§ **EXERCISE PROMPT**
Search the data for "object". Each line containing it is to be copied.

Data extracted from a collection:
---*---

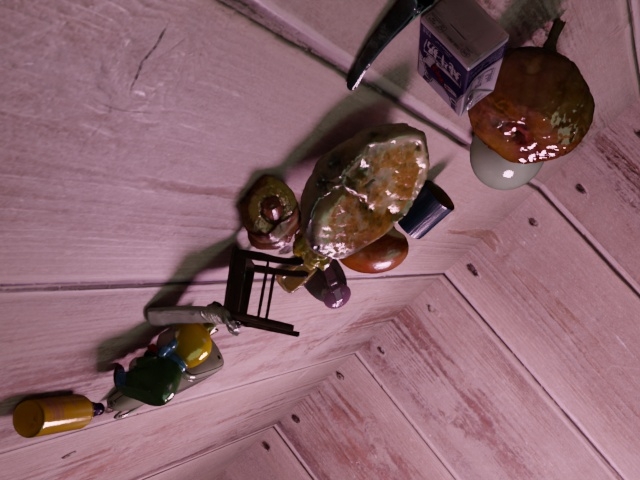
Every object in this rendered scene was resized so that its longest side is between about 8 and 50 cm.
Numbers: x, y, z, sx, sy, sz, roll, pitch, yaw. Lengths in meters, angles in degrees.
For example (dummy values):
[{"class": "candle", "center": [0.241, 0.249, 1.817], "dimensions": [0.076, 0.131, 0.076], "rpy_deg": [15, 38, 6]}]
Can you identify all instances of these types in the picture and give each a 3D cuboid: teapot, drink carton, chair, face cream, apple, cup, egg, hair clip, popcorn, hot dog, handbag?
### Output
[{"class": "teapot", "center": [0.026, 0.104, 2.243], "dimensions": [0.116, 0.146, 0.148], "rpy_deg": [1, 121, -28]}, {"class": "drink carton", "center": [0.264, -0.349, 1.583], "dimensions": [0.102, 0.134, 0.222], "rpy_deg": [-40, 165, -6]}, {"class": "chair", "center": [-0.199, 0.114, 1.829], "dimensions": [0.160, 0.319, 0.186], "rpy_deg": [76, 22, -76]}, {"class": "face cream", "center": [-0.554, 0.376, 1.826], "dimensions": [0.078, 0.078, 0.273], "rpy_deg": [-42, 164, 8]}, {"class": "apple", "center": [0.127, 0.003, 2.124], "dimensions": [0.173, 0.195, 0.160], "rpy_deg": [-4, 121, -20]}, {"class": "cup", "center": [0.304, -0.086, 2.428], "dimensions": [0.138, 0.113, 0.150], "rpy_deg": [-45, 162, 25]}, {"class": "egg", "center": [0.510, -0.245, 2.291], "dimensions": [0.203, 0.203, 0.283], "rpy_deg": [-36, 169, -13]}, {"class": "hair clip", "center": [0.103, -0.341, 1.439], "dimensions": [0.070, 0.039, 0.229], "rpy_deg": [-19, 159, -50]}, {"class": "popcorn", "center": [0.000, 0.000, 1.971], "dimensions": [0.145, 0.126, 0.126], "rpy_deg": [-62, -169, -27]}, {"class": "hot dog", "center": [-0.094, -0.036, 1.703], "dimensions": [0.123, 0.093, 0.261], "rpy_deg": [-42, 164, -9]}, {"class": "handbag", "center": [-0.415, 0.357, 2.137], "dimensions": [0.315, 0.109, 0.241], "rpy_deg": [-31, 167, 22]}]

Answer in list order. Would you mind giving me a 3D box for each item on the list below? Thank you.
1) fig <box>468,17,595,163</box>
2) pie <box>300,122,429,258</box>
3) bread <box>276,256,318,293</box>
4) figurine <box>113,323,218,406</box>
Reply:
[{"class": "fig", "center": [0.516, -0.369, 1.945], "dimensions": [0.369, 0.286, 0.286], "rpy_deg": [-58, 171, -21]}, {"class": "pie", "center": [0.093, -0.104, 1.754], "dimensions": [0.339, 0.077, 0.339], "rpy_deg": [-27, 141, -24]}, {"class": "bread", "center": [-0.062, 0.086, 2.169], "dimensions": [0.106, 0.053, 0.072], "rpy_deg": [-38, 121, -11]}, {"class": "figurine", "center": [-0.352, 0.261, 1.923], "dimensions": [0.127, 0.185, 0.234], "rpy_deg": [49, 54, -36]}]
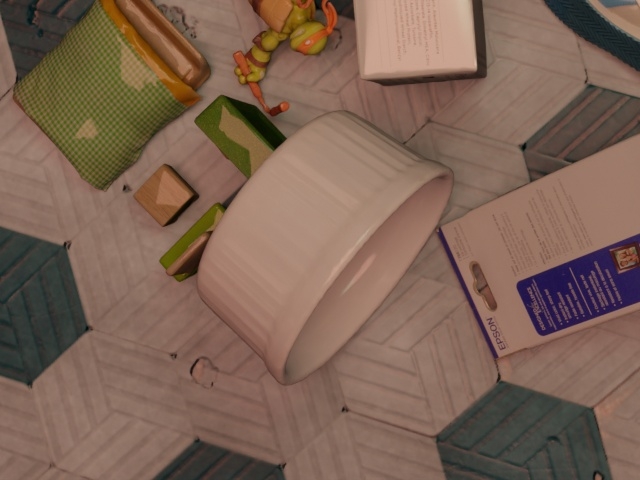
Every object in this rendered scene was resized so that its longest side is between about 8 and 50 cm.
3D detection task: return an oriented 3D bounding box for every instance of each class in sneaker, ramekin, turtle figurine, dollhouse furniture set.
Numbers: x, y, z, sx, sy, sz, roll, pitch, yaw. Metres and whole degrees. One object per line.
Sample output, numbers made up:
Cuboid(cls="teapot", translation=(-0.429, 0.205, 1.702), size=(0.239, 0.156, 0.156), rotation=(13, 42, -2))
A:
Cuboid(cls="sneaker", translation=(0.315, -0.251, 1.573), size=(0.229, 0.087, 0.092), rotation=(37, 78, 8))
Cuboid(cls="ramekin", translation=(0.000, 0.000, 1.546), size=(0.135, 0.277, 0.277), rotation=(39, 99, 13))
Cuboid(cls="turtle figurine", translation=(-0.050, -0.274, 1.593), size=(0.087, 0.269, 0.217), rotation=(-29, 72, -30))
Cuboid(cls="dollhouse furniture set", translation=(-0.194, -0.124, 1.626), size=(0.197, 0.151, 0.301), rotation=(-45, 85, 9))

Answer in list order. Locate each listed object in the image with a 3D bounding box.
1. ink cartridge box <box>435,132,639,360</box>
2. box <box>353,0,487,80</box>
Cuboid(cls="ink cartridge box", translation=(0.282, -0.001, 1.550), size=(0.333, 0.065, 0.165), rotation=(-24, 89, 42))
Cuboid(cls="box", translation=(0.102, -0.253, 1.552), size=(0.119, 0.181, 0.181), rotation=(-4, 93, 10))

---*---

§ **RESULT OF THE EXERCISE**
Every object in this rendered scene was resized so that its longest side is between about 8 and 50 cm.
Every object in this rendered scene was resized so that its longest side is between about 8 and 50 cm.
Numbers: x, y, z, sx, sy, sz, roll, pitch, yaw. Metres and whole degrees. One object per line.
Answer in list order. Locate each listed object in the image with a 3D bounding box.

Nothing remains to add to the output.